Researchers have developed a reliable and efficient FER system using hierarchical deep neural networks (Kim et al., 2019). While in Zhang et al. (2019) employed a recurrent neural network (RNN) known as the spatial-temporal RNN (STRNN) to recognize emotions based on facial images and EEG signals, leveraging both spatial and temporal information. To enhance accuracy and develop a system highly sensitive to image details, the authors in Wang et al. (2018) fine-tuned the CASME and Large MPI databases to generate 12 emotion datasets, which were then input into a convolutional block CNN (CBCNN).
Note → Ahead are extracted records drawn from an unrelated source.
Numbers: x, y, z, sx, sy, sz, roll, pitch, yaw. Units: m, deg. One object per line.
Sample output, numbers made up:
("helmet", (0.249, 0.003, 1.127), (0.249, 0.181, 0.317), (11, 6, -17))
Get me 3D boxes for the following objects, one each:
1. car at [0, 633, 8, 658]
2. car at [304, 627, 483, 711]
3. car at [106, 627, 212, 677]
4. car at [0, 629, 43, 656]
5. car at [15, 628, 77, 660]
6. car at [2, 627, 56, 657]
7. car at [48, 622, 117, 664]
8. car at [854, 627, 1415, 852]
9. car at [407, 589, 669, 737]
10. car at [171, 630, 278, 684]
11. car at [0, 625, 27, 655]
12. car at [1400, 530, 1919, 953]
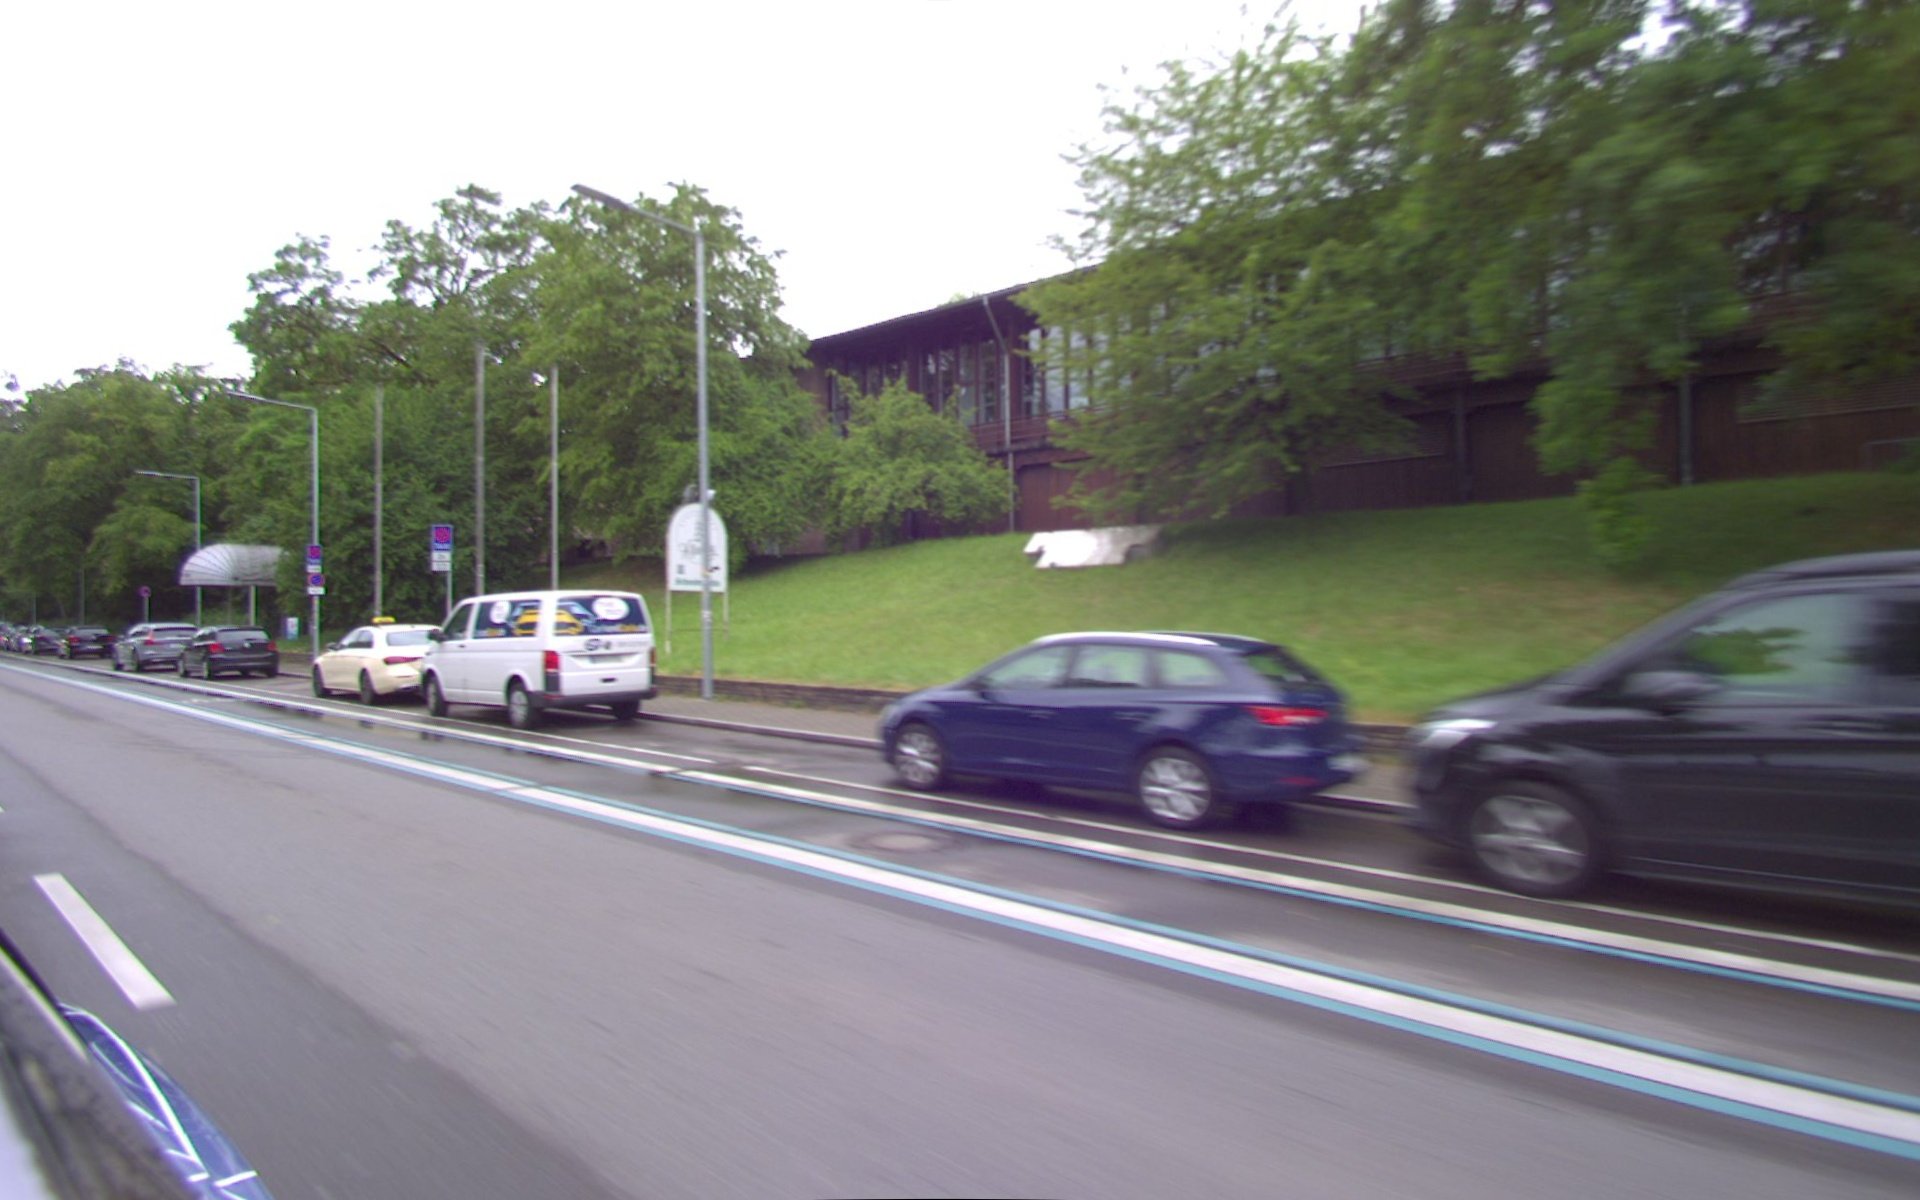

In another study aimed at analyzing customer satisfaction, researchers in Ramdhani, Djamal & Ilyas (2018) proposed a CNN to perform FER on two types of databases: FER2013 and a custom-created database for recognizing four different expressions. Deep Residual Network (ResNet50) was used to measure consumer happiness in video surveillance at the airport (Sugianto, Tjondronegoro & Tydd, 2018). Using the FER deep learning method, researchers in Nugroho, Harmanto & Al-Absi (2018) demonstrated a smart home system for identifying pain, particularly in older individuals.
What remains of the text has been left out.